## Work required
List, from the lines below, each one with "pixels" in it.

Items from a data source:
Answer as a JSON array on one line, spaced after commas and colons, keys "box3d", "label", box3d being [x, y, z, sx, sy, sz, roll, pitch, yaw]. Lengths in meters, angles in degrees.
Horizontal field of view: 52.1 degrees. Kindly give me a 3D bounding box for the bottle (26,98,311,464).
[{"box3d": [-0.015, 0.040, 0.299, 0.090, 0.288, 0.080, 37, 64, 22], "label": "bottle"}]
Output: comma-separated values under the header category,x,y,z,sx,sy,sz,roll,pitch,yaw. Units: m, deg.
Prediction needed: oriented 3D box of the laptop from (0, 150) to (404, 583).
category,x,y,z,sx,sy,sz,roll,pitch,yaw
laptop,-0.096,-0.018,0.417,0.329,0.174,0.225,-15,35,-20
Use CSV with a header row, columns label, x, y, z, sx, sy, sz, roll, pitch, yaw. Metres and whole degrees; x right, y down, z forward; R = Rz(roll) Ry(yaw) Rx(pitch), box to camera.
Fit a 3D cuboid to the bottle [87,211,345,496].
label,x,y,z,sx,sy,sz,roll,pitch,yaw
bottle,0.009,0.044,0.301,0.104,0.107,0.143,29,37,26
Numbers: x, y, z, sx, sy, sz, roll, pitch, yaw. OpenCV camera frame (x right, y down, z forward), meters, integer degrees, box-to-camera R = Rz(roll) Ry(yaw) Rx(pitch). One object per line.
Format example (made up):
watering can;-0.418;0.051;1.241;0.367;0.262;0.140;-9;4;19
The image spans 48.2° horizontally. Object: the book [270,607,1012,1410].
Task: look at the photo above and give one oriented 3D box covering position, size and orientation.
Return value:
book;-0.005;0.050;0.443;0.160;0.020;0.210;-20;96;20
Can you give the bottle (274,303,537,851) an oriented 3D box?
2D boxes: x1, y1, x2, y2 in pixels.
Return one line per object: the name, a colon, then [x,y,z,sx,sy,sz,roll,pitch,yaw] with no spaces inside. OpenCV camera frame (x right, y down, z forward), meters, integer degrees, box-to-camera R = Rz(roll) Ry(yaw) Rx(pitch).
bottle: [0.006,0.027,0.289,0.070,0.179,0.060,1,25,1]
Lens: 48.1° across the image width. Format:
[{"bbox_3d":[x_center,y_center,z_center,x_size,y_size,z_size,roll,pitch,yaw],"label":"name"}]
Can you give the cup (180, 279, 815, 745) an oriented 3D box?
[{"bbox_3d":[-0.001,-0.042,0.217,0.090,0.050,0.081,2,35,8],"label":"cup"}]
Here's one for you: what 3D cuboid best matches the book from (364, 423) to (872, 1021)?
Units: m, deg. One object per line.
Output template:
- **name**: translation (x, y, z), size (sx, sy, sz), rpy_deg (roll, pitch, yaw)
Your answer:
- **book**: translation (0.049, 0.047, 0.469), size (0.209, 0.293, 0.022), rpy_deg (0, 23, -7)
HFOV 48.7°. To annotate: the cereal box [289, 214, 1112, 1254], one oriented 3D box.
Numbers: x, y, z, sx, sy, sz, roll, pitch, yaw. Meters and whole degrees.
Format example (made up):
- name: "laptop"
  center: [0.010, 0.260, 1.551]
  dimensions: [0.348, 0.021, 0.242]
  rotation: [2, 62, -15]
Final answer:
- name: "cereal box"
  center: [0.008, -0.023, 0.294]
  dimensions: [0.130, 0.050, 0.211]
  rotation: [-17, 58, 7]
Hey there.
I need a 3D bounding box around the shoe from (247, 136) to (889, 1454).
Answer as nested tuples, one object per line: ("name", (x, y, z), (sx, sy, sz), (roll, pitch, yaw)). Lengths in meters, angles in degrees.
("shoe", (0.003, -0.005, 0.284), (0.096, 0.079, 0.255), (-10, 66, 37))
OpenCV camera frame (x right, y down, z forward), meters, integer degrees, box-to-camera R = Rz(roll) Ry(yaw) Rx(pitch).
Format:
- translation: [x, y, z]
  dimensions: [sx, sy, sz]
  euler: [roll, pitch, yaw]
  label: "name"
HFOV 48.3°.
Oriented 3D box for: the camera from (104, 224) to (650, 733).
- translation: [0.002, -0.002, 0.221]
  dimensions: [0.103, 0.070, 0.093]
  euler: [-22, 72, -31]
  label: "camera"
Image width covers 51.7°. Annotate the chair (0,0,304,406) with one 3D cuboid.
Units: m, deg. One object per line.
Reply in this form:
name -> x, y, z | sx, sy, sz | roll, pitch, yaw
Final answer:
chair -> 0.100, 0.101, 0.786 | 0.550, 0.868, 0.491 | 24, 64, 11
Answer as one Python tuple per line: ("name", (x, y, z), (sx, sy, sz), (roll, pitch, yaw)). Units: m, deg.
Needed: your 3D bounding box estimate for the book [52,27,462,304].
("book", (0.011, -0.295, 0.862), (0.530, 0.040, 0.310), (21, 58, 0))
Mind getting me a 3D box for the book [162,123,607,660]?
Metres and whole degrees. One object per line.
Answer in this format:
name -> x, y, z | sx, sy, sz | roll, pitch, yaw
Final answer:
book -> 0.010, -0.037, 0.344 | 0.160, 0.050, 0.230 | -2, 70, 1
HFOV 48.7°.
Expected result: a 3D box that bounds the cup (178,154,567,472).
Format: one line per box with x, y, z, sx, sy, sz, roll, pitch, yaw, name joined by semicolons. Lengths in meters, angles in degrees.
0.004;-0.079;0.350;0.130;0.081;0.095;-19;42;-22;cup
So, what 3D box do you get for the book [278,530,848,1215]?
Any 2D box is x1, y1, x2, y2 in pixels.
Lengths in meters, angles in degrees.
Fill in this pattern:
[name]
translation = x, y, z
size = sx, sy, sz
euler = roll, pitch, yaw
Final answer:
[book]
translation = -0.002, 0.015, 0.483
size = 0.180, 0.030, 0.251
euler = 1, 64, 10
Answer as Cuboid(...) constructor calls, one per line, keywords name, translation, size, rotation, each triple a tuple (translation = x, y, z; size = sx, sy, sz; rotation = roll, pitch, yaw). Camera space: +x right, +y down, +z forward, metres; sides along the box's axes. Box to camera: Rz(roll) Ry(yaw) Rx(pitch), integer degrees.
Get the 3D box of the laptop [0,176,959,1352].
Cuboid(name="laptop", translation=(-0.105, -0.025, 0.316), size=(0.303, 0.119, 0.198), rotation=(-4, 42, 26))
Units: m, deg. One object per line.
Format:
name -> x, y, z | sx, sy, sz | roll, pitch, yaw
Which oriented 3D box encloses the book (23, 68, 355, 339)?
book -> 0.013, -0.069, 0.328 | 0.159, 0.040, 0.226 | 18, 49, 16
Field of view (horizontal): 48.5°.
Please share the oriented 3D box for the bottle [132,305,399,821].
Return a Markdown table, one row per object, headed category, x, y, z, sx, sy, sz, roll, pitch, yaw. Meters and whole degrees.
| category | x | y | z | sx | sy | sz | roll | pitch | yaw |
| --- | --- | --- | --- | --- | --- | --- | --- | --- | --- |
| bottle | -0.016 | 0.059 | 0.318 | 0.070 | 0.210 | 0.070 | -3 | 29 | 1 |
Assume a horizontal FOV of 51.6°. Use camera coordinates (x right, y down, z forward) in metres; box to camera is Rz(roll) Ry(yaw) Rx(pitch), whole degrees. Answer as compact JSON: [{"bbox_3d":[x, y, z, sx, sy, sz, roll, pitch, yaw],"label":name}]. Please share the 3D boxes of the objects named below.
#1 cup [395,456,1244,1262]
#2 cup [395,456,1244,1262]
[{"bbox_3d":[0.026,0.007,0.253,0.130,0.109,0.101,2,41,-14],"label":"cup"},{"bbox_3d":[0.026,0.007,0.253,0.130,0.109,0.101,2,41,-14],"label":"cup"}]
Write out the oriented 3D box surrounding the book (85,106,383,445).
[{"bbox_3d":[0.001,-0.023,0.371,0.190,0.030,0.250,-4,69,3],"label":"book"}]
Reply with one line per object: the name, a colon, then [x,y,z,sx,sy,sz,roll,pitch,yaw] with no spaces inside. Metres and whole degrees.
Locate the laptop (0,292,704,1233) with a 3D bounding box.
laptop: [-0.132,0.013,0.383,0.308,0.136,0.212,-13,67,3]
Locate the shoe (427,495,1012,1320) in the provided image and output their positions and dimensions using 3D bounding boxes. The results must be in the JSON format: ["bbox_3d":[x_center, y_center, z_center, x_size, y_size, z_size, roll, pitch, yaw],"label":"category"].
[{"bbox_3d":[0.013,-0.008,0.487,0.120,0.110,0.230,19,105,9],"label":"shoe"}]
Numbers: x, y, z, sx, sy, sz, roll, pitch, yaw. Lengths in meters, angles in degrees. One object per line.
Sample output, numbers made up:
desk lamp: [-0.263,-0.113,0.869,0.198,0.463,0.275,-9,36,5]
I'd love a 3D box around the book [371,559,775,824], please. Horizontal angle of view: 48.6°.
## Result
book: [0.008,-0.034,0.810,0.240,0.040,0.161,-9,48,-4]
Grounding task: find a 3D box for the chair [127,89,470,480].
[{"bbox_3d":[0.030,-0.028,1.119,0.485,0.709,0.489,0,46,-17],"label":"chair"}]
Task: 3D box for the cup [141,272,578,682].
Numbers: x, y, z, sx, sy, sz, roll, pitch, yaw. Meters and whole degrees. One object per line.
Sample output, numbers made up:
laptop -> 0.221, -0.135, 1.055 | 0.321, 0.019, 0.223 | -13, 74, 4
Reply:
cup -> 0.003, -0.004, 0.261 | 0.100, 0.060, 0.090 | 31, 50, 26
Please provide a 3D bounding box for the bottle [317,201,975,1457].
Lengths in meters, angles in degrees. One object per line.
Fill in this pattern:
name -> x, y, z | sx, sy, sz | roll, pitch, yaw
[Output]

## Response for this exercise
2D boxes: x1, y1, x2, y2 in pixels.
Any 2D box is x1, y1, x2, y2 in pixels.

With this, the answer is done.